◆ Records from a data collection ◆

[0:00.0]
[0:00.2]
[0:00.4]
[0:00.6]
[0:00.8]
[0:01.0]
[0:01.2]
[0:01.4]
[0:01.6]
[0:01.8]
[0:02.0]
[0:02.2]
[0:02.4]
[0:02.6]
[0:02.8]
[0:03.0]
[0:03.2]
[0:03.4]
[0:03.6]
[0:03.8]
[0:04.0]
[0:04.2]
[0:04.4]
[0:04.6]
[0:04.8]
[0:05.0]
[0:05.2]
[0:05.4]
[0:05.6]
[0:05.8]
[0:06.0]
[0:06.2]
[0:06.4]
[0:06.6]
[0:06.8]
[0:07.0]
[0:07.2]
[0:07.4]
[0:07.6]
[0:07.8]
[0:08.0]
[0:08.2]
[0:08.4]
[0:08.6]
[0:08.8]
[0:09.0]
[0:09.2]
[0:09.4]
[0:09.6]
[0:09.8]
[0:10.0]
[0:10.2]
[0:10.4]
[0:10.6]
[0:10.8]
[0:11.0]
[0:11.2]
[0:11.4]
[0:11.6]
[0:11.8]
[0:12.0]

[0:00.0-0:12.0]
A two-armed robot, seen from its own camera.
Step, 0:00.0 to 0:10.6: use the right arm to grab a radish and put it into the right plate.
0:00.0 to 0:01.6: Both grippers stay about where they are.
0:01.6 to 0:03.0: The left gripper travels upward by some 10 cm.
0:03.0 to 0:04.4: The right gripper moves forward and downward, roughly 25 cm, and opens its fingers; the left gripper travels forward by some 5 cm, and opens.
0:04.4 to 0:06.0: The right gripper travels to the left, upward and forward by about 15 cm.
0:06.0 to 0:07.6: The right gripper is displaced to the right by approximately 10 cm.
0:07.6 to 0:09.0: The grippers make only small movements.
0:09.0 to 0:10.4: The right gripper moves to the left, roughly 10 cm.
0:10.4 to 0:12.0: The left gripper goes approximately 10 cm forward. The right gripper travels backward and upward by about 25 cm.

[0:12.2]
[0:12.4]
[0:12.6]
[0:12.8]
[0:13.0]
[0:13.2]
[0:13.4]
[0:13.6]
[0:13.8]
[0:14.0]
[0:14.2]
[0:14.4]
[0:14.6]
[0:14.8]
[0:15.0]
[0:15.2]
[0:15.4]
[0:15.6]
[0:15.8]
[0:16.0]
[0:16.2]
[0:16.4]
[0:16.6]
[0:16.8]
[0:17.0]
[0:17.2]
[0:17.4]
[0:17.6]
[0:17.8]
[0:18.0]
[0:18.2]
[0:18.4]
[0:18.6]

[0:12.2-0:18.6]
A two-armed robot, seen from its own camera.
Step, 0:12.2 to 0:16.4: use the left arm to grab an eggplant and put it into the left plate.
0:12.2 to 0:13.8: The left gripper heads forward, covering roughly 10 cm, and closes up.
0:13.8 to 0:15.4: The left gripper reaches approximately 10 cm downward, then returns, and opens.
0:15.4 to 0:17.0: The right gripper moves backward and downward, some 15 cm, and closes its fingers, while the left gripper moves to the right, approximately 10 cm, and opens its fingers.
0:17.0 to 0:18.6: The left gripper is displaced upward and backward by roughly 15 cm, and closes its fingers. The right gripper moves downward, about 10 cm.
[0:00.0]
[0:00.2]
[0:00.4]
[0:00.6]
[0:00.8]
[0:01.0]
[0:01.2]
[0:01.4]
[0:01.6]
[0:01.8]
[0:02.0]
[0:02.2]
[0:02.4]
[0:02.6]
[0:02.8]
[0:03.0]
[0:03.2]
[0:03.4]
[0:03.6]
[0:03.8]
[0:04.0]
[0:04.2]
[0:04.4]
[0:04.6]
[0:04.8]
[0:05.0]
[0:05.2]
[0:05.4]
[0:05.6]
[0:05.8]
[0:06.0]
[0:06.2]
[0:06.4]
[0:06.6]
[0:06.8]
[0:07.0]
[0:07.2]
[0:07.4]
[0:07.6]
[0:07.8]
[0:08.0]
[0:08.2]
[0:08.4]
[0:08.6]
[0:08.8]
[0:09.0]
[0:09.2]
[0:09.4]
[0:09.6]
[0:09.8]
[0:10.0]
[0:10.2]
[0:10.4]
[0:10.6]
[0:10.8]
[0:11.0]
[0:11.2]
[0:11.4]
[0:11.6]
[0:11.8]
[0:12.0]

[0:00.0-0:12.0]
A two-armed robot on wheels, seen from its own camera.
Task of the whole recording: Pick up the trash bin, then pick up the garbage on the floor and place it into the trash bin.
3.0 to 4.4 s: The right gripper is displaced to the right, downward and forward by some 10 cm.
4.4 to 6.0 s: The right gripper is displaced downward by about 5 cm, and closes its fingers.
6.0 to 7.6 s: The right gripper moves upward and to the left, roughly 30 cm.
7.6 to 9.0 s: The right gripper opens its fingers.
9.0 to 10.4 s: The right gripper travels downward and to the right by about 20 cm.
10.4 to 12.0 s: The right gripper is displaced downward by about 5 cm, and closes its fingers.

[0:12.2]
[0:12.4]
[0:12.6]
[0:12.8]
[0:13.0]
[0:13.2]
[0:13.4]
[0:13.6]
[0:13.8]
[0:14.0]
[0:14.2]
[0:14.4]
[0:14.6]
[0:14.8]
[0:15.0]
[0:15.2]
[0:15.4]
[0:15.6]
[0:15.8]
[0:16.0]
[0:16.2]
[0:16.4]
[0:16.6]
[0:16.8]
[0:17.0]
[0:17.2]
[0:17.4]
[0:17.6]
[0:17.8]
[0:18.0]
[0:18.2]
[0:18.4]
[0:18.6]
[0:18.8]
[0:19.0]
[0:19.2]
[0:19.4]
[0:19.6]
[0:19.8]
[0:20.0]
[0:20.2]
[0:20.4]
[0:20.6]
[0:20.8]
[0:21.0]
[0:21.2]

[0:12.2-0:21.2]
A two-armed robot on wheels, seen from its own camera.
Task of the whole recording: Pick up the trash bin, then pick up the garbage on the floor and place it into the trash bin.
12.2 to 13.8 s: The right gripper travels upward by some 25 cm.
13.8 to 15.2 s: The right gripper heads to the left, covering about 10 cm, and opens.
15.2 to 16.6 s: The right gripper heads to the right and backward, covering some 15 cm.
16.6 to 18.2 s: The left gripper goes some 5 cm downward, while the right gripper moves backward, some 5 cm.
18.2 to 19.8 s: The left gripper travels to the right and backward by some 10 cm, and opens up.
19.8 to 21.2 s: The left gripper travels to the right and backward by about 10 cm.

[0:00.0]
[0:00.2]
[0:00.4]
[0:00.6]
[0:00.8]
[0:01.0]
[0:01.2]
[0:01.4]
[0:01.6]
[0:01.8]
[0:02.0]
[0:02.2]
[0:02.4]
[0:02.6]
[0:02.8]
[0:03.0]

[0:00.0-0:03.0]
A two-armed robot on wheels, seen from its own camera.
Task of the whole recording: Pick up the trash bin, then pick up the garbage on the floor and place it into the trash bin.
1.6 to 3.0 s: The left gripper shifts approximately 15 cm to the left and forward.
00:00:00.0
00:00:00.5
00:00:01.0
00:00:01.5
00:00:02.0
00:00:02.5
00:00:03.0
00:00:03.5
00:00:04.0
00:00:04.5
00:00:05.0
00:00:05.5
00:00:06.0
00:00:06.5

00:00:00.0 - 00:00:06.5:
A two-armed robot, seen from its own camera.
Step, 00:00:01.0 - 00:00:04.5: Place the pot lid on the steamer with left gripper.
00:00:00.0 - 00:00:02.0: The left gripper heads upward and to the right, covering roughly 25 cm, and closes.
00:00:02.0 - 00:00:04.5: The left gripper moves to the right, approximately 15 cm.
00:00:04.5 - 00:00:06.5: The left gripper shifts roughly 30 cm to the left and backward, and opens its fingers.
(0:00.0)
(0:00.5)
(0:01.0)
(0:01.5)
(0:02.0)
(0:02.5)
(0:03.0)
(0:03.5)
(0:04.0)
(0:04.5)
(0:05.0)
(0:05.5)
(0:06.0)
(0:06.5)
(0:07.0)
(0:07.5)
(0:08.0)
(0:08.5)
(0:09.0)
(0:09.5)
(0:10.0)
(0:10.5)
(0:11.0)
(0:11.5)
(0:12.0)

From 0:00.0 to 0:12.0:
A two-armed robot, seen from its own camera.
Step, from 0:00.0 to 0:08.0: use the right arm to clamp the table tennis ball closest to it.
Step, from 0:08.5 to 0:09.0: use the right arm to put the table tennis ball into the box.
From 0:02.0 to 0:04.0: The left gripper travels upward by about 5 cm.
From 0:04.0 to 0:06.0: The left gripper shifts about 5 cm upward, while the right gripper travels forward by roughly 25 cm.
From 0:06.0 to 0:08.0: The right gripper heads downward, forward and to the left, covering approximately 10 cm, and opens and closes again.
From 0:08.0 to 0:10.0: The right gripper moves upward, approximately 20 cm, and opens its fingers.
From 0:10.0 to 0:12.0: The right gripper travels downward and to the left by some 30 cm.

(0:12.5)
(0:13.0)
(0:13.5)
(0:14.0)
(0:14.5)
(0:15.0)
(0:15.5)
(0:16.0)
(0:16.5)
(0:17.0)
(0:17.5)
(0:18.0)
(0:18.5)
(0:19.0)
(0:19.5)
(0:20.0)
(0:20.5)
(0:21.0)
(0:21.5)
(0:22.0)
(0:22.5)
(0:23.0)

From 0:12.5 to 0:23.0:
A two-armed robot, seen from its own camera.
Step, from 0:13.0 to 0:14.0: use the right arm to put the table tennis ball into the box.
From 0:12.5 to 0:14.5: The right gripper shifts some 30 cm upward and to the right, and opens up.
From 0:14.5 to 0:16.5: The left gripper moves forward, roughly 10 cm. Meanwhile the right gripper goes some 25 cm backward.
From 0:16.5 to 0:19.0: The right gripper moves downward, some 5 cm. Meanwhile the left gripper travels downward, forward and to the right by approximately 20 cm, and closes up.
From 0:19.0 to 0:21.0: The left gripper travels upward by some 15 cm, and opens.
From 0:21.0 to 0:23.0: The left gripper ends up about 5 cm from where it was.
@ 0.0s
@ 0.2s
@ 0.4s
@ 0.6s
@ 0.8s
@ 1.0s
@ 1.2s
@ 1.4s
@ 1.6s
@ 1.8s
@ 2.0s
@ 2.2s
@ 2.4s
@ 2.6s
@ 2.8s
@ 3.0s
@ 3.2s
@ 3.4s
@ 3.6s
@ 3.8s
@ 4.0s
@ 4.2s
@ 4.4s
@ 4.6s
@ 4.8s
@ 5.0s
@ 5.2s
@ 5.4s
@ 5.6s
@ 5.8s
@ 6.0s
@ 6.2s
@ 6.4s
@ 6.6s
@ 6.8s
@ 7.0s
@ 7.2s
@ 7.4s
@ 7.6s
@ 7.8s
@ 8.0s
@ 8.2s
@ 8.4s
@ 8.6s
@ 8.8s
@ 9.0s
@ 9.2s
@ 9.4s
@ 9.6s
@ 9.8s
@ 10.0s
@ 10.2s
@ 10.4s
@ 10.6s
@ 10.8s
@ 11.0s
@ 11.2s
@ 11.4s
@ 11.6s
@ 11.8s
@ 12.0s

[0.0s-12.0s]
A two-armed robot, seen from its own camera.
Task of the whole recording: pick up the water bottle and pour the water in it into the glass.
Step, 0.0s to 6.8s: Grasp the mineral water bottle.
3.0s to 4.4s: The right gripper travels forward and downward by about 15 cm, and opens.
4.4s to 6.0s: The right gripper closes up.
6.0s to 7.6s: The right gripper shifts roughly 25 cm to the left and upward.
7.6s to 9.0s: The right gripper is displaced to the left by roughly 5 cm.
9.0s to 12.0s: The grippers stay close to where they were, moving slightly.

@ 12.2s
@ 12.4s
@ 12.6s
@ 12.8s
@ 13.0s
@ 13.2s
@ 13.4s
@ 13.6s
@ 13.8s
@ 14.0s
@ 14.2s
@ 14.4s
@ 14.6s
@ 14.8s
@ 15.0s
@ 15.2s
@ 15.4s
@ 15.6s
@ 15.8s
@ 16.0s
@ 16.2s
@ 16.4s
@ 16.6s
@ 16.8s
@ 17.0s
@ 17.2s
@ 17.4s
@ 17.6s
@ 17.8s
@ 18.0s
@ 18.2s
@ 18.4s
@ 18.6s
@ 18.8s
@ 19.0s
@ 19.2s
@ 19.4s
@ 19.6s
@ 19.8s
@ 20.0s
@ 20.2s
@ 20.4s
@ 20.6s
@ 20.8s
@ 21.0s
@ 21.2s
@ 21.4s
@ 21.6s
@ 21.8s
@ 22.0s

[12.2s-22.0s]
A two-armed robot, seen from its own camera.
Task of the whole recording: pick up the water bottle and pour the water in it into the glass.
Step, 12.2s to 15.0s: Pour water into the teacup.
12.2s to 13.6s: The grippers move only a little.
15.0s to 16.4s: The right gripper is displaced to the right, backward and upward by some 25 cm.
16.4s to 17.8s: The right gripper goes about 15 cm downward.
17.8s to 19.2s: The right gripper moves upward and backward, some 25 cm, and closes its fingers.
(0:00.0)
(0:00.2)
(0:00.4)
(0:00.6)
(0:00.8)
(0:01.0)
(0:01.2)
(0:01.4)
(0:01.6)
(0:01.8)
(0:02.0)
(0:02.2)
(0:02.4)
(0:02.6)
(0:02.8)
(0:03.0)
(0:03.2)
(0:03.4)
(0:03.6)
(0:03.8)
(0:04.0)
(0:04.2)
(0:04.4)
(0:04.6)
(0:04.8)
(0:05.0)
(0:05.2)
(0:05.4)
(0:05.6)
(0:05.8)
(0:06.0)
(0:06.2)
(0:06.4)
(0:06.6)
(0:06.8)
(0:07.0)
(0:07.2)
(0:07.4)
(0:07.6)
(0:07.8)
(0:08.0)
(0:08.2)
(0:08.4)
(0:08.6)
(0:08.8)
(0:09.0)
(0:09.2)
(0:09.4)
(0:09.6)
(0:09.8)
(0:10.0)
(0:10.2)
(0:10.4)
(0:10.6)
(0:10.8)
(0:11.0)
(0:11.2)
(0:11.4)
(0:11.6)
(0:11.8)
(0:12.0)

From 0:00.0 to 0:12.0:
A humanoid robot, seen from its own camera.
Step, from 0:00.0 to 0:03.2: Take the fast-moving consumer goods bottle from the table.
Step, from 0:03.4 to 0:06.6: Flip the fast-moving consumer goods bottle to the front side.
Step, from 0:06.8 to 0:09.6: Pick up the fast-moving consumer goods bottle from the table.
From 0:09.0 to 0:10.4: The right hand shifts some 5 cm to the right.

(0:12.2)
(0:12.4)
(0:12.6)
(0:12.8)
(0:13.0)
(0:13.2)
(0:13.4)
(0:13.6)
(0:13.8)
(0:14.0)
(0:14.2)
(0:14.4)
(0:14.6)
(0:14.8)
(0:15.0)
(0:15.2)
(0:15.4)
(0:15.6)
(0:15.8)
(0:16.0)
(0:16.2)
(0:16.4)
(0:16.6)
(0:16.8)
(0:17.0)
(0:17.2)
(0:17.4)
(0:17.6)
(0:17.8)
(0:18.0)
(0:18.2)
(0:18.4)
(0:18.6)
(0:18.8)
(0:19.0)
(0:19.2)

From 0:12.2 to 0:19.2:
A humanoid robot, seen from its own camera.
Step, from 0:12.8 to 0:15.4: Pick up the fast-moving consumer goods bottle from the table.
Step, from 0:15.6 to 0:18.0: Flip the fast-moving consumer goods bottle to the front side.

◆ Required action ◆
From the first line above through the line that contains "[0:12.2-0:18.6]", quote each line exactly. Output nothing more.

◆ Exercise output ◆
[0:00.0]
[0:00.2]
[0:00.4]
[0:00.6]
[0:00.8]
[0:01.0]
[0:01.2]
[0:01.4]
[0:01.6]
[0:01.8]
[0:02.0]
[0:02.2]
[0:02.4]
[0:02.6]
[0:02.8]
[0:03.0]
[0:03.2]
[0:03.4]
[0:03.6]
[0:03.8]
[0:04.0]
[0:04.2]
[0:04.4]
[0:04.6]
[0:04.8]
[0:05.0]
[0:05.2]
[0:05.4]
[0:05.6]
[0:05.8]
[0:06.0]
[0:06.2]
[0:06.4]
[0:06.6]
[0:06.8]
[0:07.0]
[0:07.2]
[0:07.4]
[0:07.6]
[0:07.8]
[0:08.0]
[0:08.2]
[0:08.4]
[0:08.6]
[0:08.8]
[0:09.0]
[0:09.2]
[0:09.4]
[0:09.6]
[0:09.8]
[0:10.0]
[0:10.2]
[0:10.4]
[0:10.6]
[0:10.8]
[0:11.0]
[0:11.2]
[0:11.4]
[0:11.6]
[0:11.8]
[0:12.0]

[0:00.0-0:12.0]
A two-armed robot, seen from its own camera.
Step, 0:00.0 to 0:10.6: use the right arm to grab a radish and put it into the right plate.
0:00.0 to 0:01.6: Both grippers stay about where they are.
0:01.6 to 0:03.0: The left gripper travels upward by some 10 cm.
0:03.0 to 0:04.4: The right gripper moves forward and downward, roughly 25 cm, and opens its fingers; the left gripper travels forward by some 5 cm, and opens.
0:04.4 to 0:06.0: The right gripper travels to the left, upward and forward by about 15 cm.
0:06.0 to 0:07.6: The right gripper is displaced to the right by approximately 10 cm.
0:07.6 to 0:09.0: The grippers make only small movements.
0:09.0 to 0:10.4: The right gripper moves to the left, roughly 10 cm.
0:10.4 to 0:12.0: The left gripper goes approximately 10 cm forward. The right gripper travels backward and upward by about 25 cm.

[0:12.2]
[0:12.4]
[0:12.6]
[0:12.8]
[0:13.0]
[0:13.2]
[0:13.4]
[0:13.6]
[0:13.8]
[0:14.0]
[0:14.2]
[0:14.4]
[0:14.6]
[0:14.8]
[0:15.0]
[0:15.2]
[0:15.4]
[0:15.6]
[0:15.8]
[0:16.0]
[0:16.2]
[0:16.4]
[0:16.6]
[0:16.8]
[0:17.0]
[0:17.2]
[0:17.4]
[0:17.6]
[0:17.8]
[0:18.0]
[0:18.2]
[0:18.4]
[0:18.6]

[0:12.2-0:18.6]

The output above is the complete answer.